* **Problem statement**
Each entry is to be given again exactly; drop the images.

* **Listed entries**
┄┄┄┄┄┄┄┄┄┄

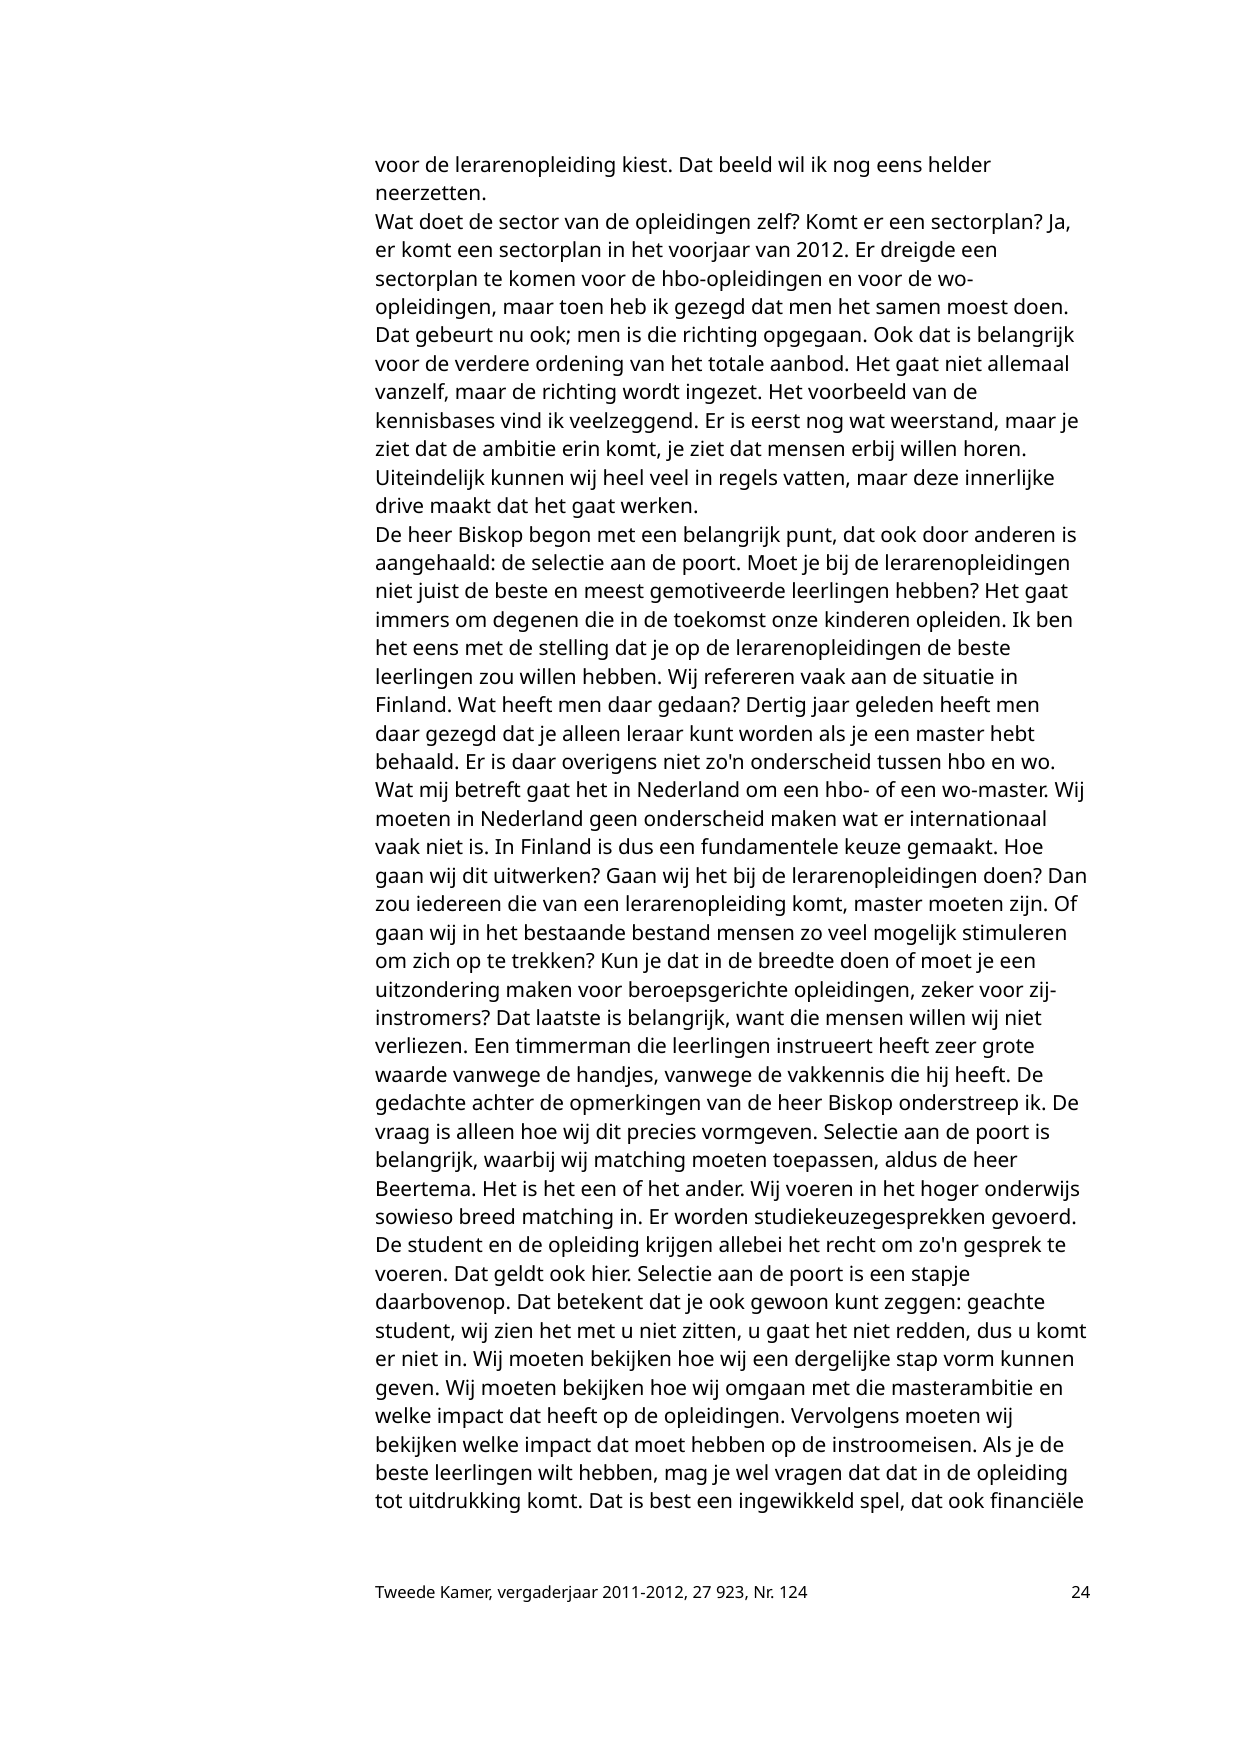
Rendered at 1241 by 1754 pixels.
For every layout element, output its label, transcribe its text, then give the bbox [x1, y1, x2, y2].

text voor de lerarenopleiding kiest. Dat beeld wil ik nog eens helder neerzetten. [375, 150, 1090, 207]
text Wat doet de sector van de opleidingen zelf? Komt er een sectorplan? Ja, er komt een sectorplan in het voorjaar van 2012. Er dreigde een sectorplan te komen voor de hbo-opleidingen en voor de wo-opleidingen, maar toen heb ik gezegd dat men het samen moest doen. Dat gebeurt nu ook; men is die richting opgegaan. Ook dat is belangrijk voor de verdere ordening van het totale aanbod. Het gaat niet allemaal vanzelf, maar de richting wordt ingezet. Het voorbeeld van de kennisbases vind ik veelzeggend. Er is eerst nog wat weerstand, maar je ziet dat de ambitie erin komt, je ziet dat mensen erbij willen horen. Uiteindelijk kunnen wij heel veel in regels vatten, maar deze innerlijke drive maakt dat het gaat werken. [375, 207, 1090, 520]
text De heer Biskop begon met een belangrijk punt, dat ook door anderen is aangehaald: de selectie aan de poort. Moet je bij de lerarenopleidingen niet juist de beste en meest gemotiveerde leerlingen hebben? Het gaat immers om degenen die in de toekomst onze kinderen opleiden. Ik ben het eens met de stelling dat je op de lerarenopleidingen de beste leerlingen zou willen hebben. Wij refereren vaak aan de situatie in Finland. Wat heeft men daar gedaan? Dertig jaar geleden heeft men daar gezegd dat je alleen leraar kunt worden als je een master hebt behaald. Er is daar overigens niet zo'n onderscheid tussen hbo en wo. Wat mij betreft gaat het in Nederland om een hbo- of een wo-master. Wij moeten in Nederland geen onderscheid maken wat er internationaal vaak niet is. In Finland is dus een fundamentele keuze gemaakt. Hoe gaan wij dit uitwerken? Gaan wij het bij de lerarenopleidingen doen? Dan zou iedereen die van een lerarenopleiding komt, master moeten zijn. Of gaan wij in het bestaande bestand mensen zo veel mogelijk stimuleren om zich op te trekken? Kun je dat in de breedte doen of moet je een uitzondering maken voor beroepsgerichte opleidingen, zeker voor zij-instromers? Dat laatste is belangrijk, want die mensen willen wij niet verliezen. Een timmerman die leerlingen instrueert heeft zeer grote waarde vanwege de handjes, vanwege de vakkennis die hij heeft. De gedachte achter de opmerkingen van de heer Biskop onderstreep ik. De vraag is alleen hoe wij dit precies vormgeven. Selectie aan de poort is belangrijk, waarbij wij matching moeten toepassen, aldus de heer Beertema. Het is het een of het ander. Wij voeren in het hoger onderwijs sowieso breed matching in. Er worden studiekeuzegesprekken gevoerd. De student en de opleiding krijgen allebei het recht om zo'n gesprek te voeren. Dat geldt ook hier. Selectie aan de poort is een stapje daarbovenop. Dat betekent dat je ook gewoon kunt zeggen: geachte student, wij zien het met u niet zitten, u gaat het niet redden, dus u komt er niet in. Wij moeten bekijken hoe wij een dergelijke stap vorm kunnen geven. Wij moeten bekijken hoe wij omgaan met die masterambitie en welke impact dat heeft op de opleidingen. Vervolgens moeten wij bekijken welke impact dat moet hebben op de instroomeisen. Als je de beste leerlingen wilt hebben, mag je wel vragen dat dat in de opleiding tot uitdrukking komt. Dat is best een ingewikkeld spel, dat ook financiële [375, 520, 1090, 1515]

┄┄┄┄┄┄┄┄┄┄

* **Answer**
Rendered at 1241 by 1754 pixels.
For every layout element, output its label, transcribe its text, then give the bbox [x1, y1, x2, y2].

text voor de lerarenopleiding kiest. Dat beeld wil ik nog eens helder neerzetten. [375, 150, 1090, 207]
text Wat doet de sector van de opleidingen zelf? Komt er een sectorplan? Ja, er komt een sectorplan in het voorjaar van 2012. Er dreigde een sectorplan te komen voor de hbo-opleidingen en voor de wo-opleidingen, maar toen heb ik gezegd dat men het samen moest doen. Dat gebeurt nu ook; men is die richting opgegaan. Ook dat is belangrijk voor de verdere ordening van het totale aanbod. Het gaat niet allemaal vanzelf, maar de richting wordt ingezet. Het voorbeeld van de kennisbases vind ik veelzeggend. Er is eerst nog wat weerstand, maar je ziet dat de ambitie erin komt, je ziet dat mensen erbij willen horen. Uiteindelijk kunnen wij heel veel in regels vatten, maar deze innerlijke drive maakt dat het gaat werken. [375, 207, 1090, 520]
text De heer Biskop begon met een belangrijk punt, dat ook door anderen is aangehaald: de selectie aan de poort. Moet je bij de lerarenopleidingen niet juist de beste en meest gemotiveerde leerlingen hebben? Het gaat immers om degenen die in de toekomst onze kinderen opleiden. Ik ben het eens met de stelling dat je op de lerarenopleidingen de beste leerlingen zou willen hebben. Wij refereren vaak aan de situatie in Finland. Wat heeft men daar gedaan? Dertig jaar geleden heeft men daar gezegd dat je alleen leraar kunt worden als je een master hebt behaald. Er is daar overigens niet zo'n onderscheid tussen hbo en wo. Wat mij betreft gaat het in Nederland om een hbo- of een wo-master. Wij moeten in Nederland geen onderscheid maken wat er internationaal vaak niet is. In Finland is dus een fundamentele keuze gemaakt. Hoe gaan wij dit uitwerken? Gaan wij het bij de lerarenopleidingen doen? Dan zou iedereen die van een lerarenopleiding komt, master moeten zijn. Of gaan wij in het bestaande bestand mensen zo veel mogelijk stimuleren om zich op te trekken? Kun je dat in de breedte doen of moet je een uitzondering maken voor beroepsgerichte opleidingen, zeker voor zij-instromers? Dat laatste is belangrijk, want die mensen willen wij niet verliezen. Een timmerman die leerlingen instrueert heeft zeer grote waarde vanwege de handjes, vanwege de vakkennis die hij heeft. De gedachte achter de opmerkingen van de heer Biskop onderstreep ik. De vraag is alleen hoe wij dit precies vormgeven. Selectie aan de poort is belangrijk, waarbij wij matching moeten toepassen, aldus de heer Beertema. Het is het een of het ander. Wij voeren in het hoger onderwijs sowieso breed matching in. Er worden studiekeuzegesprekken gevoerd. De student en de opleiding krijgen allebei het recht om zo'n gesprek te voeren. Dat geldt ook hier. Selectie aan de poort is een stapje daarbovenop. Dat betekent dat je ook gewoon kunt zeggen: geachte student, wij zien het met u niet zitten, u gaat het niet redden, dus u komt er niet in. Wij moeten bekijken hoe wij een dergelijke stap vorm kunnen geven. Wij moeten bekijken hoe wij omgaan met die masterambitie en welke impact dat heeft op de opleidingen. Vervolgens moeten wij bekijken welke impact dat moet hebben op de instroomeisen. Als je de beste leerlingen wilt hebben, mag je wel vragen dat dat in de opleiding tot uitdrukking komt. Dat is best een ingewikkeld spel, dat ook financiële [375, 520, 1090, 1515]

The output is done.